* * *

Matteo Petrelli había tenido que ponerse un cubrebocas para evitar que las personas en el avión torcieran gestos de espanto. Había requerido de nueve puntadas y, en Italia, ya lo esperaba el dentista para ver el asunto del diente perdido.

—¿Cómo te sientes? —le preguntó Angelo a su hermana, al oído.

La noche anterior, Anneliese había tenido un ataque de nervios que se había manifestado como risa y llanto, que no había podido controlar fácilmente.

—Papá —llamó Matteo.

—Cállate —le ordenó él, casi en susurro—. No quiero oírte —gruñó.

Raffaele estaba profundamente enojado con su hijo; él se había negado a decirle quiénes lo habían atacado. Mika también había guardado silencio, por órdenes de Hanna.

Anneliese buscó la mano de Angelo cuando sintió que el avión se movía.

Sus padres estaban justo detrás de ellos, y Matteo al lado, cruzando el pasillo.

—Creo que no vamos a volver pronto —suspiró ella, una vez que estuvieron en el aire, rumbo a Italia.

—No, creo que no —aceptó él.

—Por cierto —ella se acercó al muchacho y le susurró—: ayer quería preguntarte algo.

—Ajá —él se inclinó más hacia ella—. ¿Qué cosa?

—Anoche, mamá y la abuela Emma hablaban de mí, ¿cierto? Antes de que llegara Matt.

Al principio, Angelo sacudió un poco la cabeza, como si fuera a negarlo o a decir que no lo recordaba, pero Annie le clavó sus enormes ojos azules, retándolo, preguntándole en silencio «¿En serio no vas a decírmelo?»

—Eso creo —aceptó al final.

Eso fue más fácil —y directo al pecho— de lo que la muchacha hubiese esperado jamás. Tenía la esperanza de que Emma hubiese dicho otra cosa. Cualquier otra cosa.

—¿Qué fue exactamente lo que dijeron?

Y él esperó un momento, como si buscara las palabras para traducir el verdadero significado de lo que escuchó. Finalmente, dijo:

—Que te parecías a alguien —confesó, luego le pasó un brazo por los hombros y le besó la frente—. No es importante, Annie. Olvídalo, ¿quieres?

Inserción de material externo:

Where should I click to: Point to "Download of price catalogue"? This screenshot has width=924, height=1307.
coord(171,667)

Y ella torció un gesto... ¿Olvidarlo? ¡¿Nada importante?!

Se preguntó si para ellos ésas palabras tenían el mismo significado. Al parecer, no. Pensó en que ésas palabras eran de las cosas que jamás se olvidaban porque, luego de todo —aún si dejaban de lado el... «parecido»—, había sucedido en Nochebuena. Cada año, aunque ella no lo quisiera, lo recordaría y, en secreto, se preguntaría a quién se parecía.

*

Las esmeraldas eran para Lorena, los zafiros para Anneliese y los rubíes para Jessica.

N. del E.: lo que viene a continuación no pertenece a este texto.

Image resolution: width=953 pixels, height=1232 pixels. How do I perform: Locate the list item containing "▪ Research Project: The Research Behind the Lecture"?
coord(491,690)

Era la regla no escrita que había puesto Rebecca Petrelli, muchos años atrás, obsequiando únicamente éstas a cada una de sus nietas.

Y Jessica estaba preocupada; la noche anterior había perdido el anillo que le había regalado su abuela; había sido el presente de navidad —adelantado, pues Giovanni y ella se habían marchado a pasar las fiestas en Tailandia, ellos solos— para cada una de ellas; eran unos anillos realmente bonitos: idénticos los tres, un poco gruesos, pero sólo un poco, lo suficiente para que la pequeña y fina cara de la lobezna, decorando el anillo, pudiese resaltar —aunque casi parecía una zorrita: a simple vista se podía apreciar que era una loba hembra—. Definitivamente, alguien había dedicado mucho esfuerzo a aquellos anillos que la misma Rebecca había diseñado. Y sus nietas sabían que había sido ella porque vieron algunos de los borradores de los primeros diseños, y porque los elegantes ojos entrecerrados, de las lobitas, llevaban uno esmeraldas, el otro zafiros y el último rubíes, respectivamente.